Segment Open

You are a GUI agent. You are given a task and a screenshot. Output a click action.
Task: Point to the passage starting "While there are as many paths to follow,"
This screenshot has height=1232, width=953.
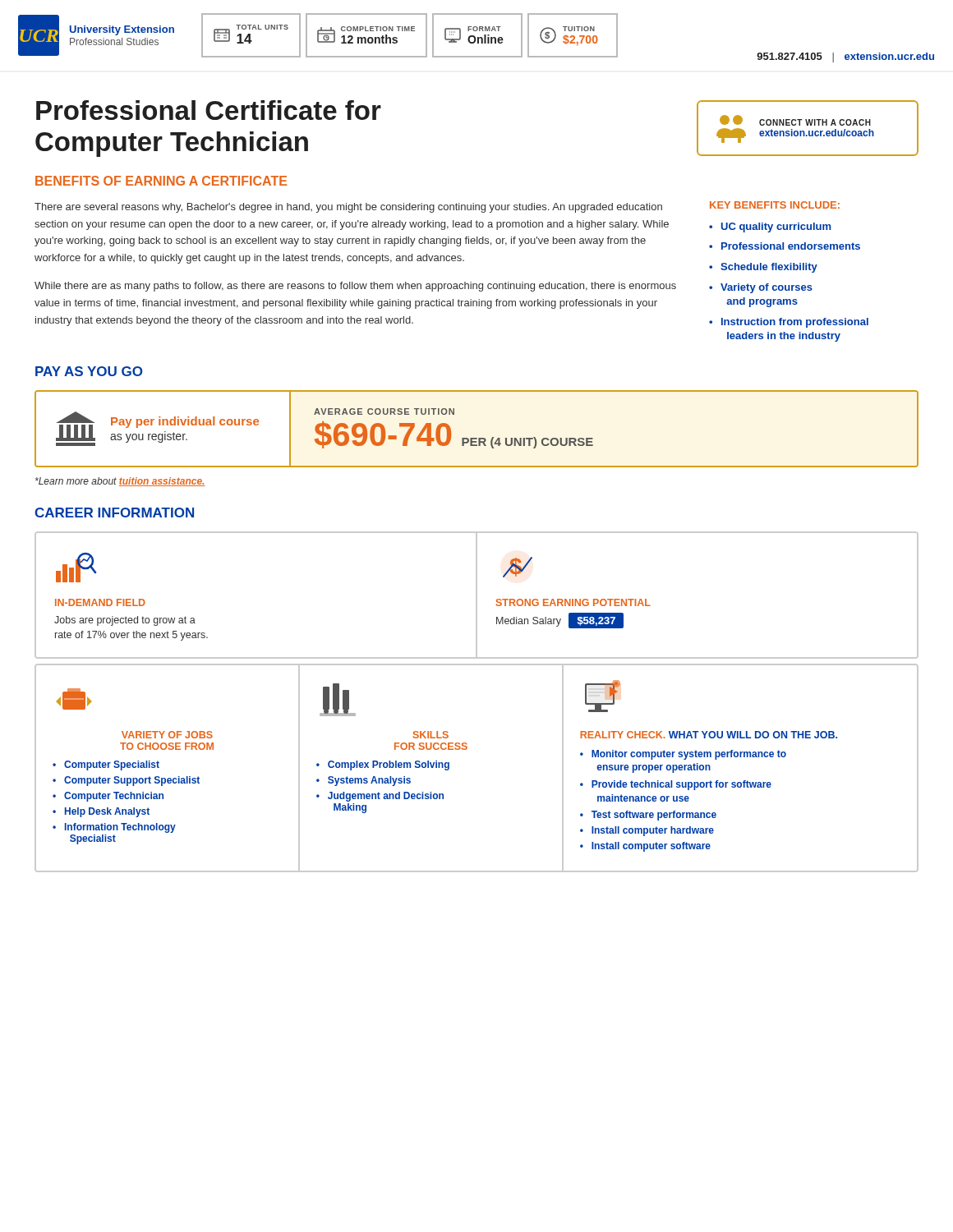[x=355, y=303]
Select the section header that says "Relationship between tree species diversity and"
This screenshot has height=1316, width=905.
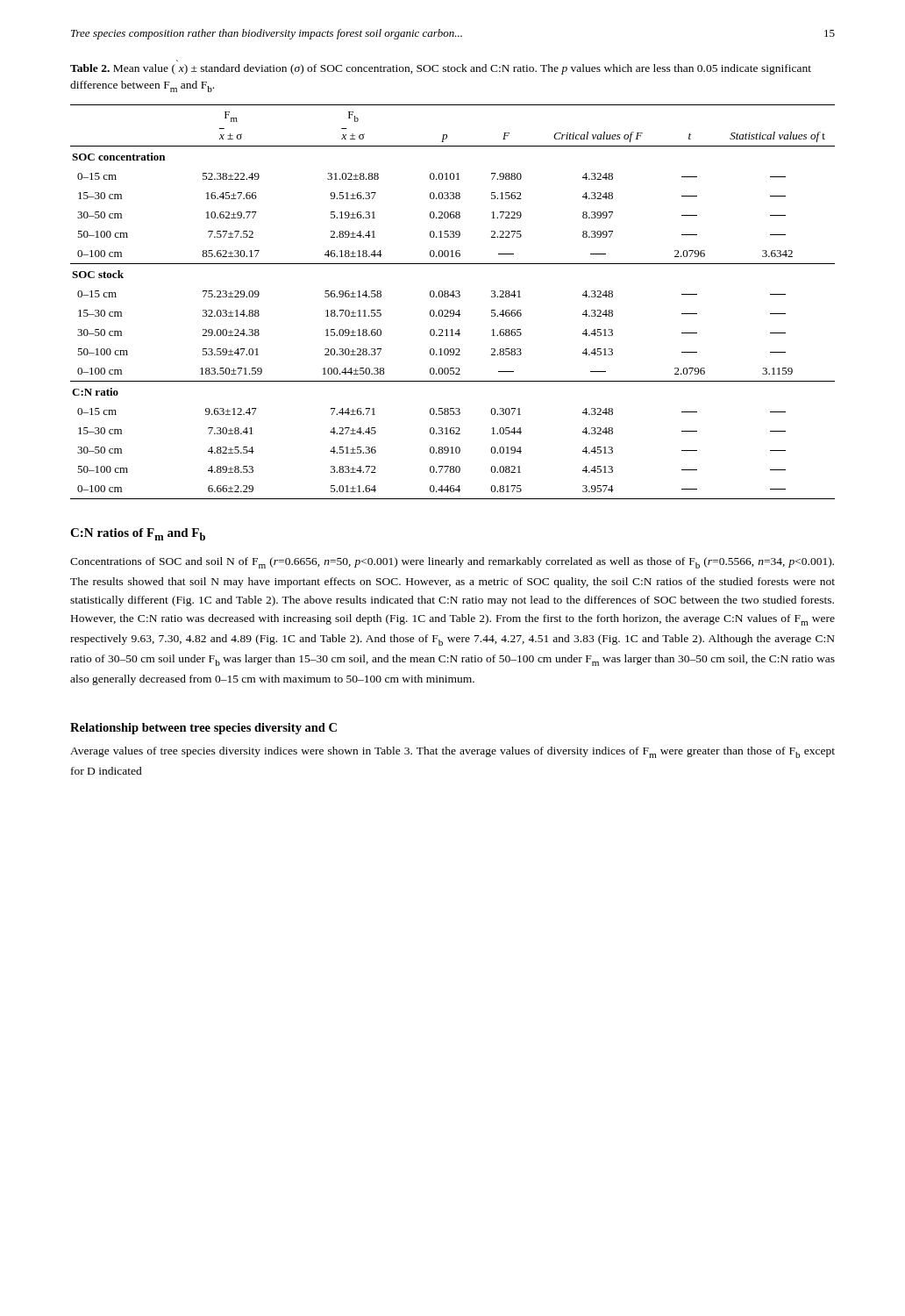pyautogui.click(x=204, y=727)
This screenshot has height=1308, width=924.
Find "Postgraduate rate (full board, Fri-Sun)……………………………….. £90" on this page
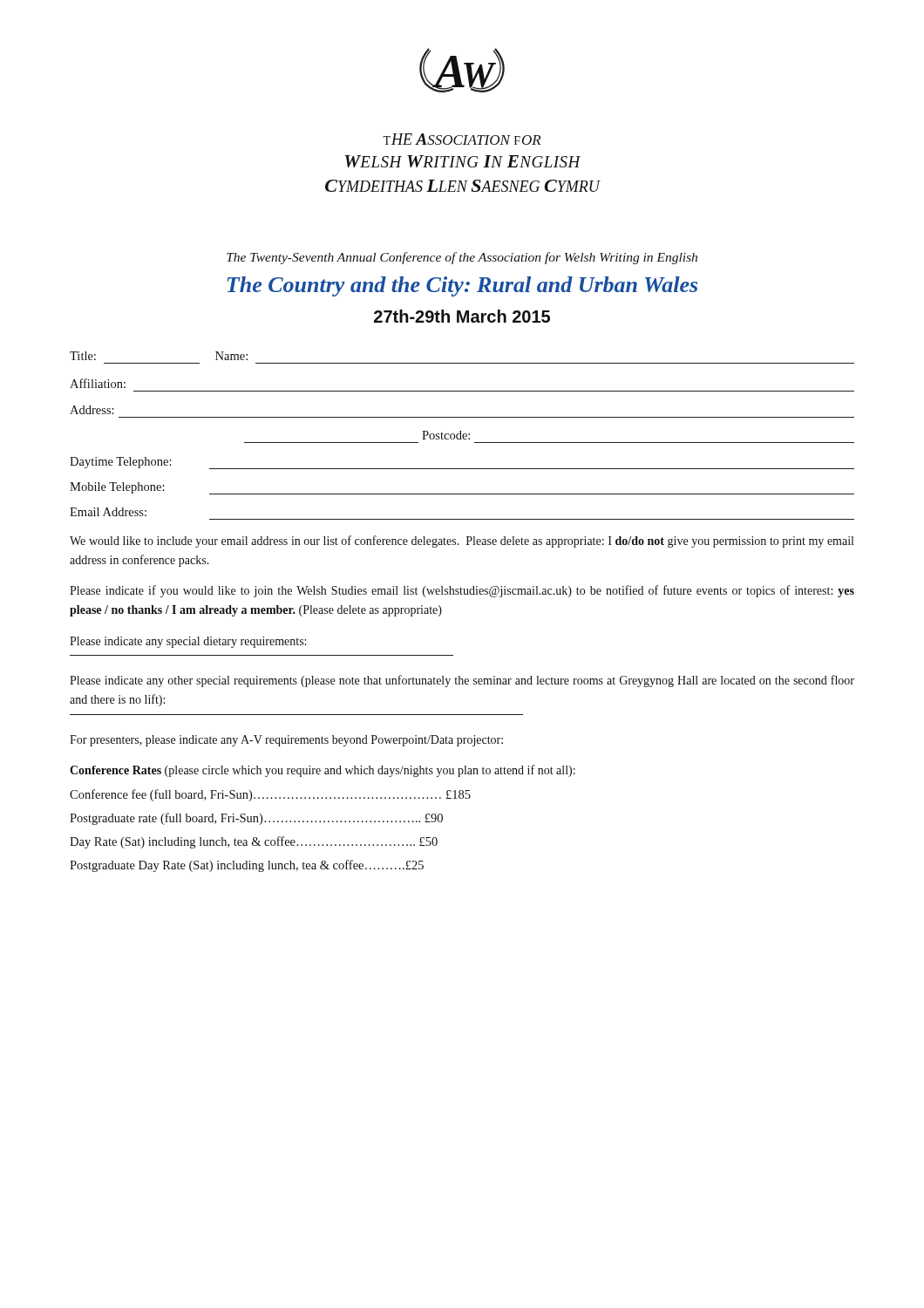(x=257, y=818)
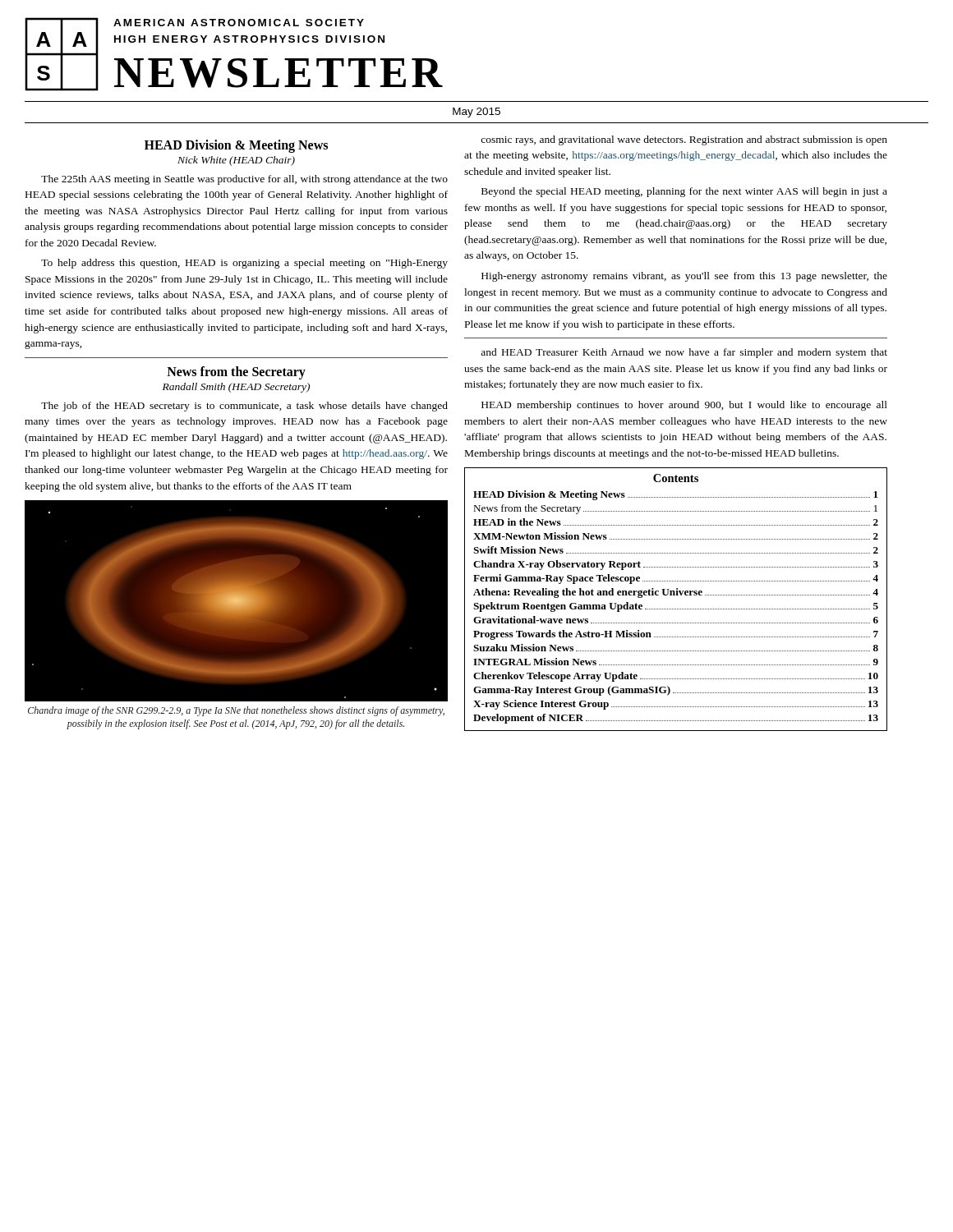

Segment Closed

Aim of the exercise » Only the lines from the one with "This screenshot has height=1316, width=905." through the last line of the listing belong in your answer; copy them exactly and skip the pictures.

Written response »
This screenshot has height=1316, width=905.
pyautogui.click(x=204, y=727)
This screenshot has height=1308, width=924.
Find "Postgraduate rate (full board, Fri-Sun)……………………………….. £90" on this page
(x=257, y=818)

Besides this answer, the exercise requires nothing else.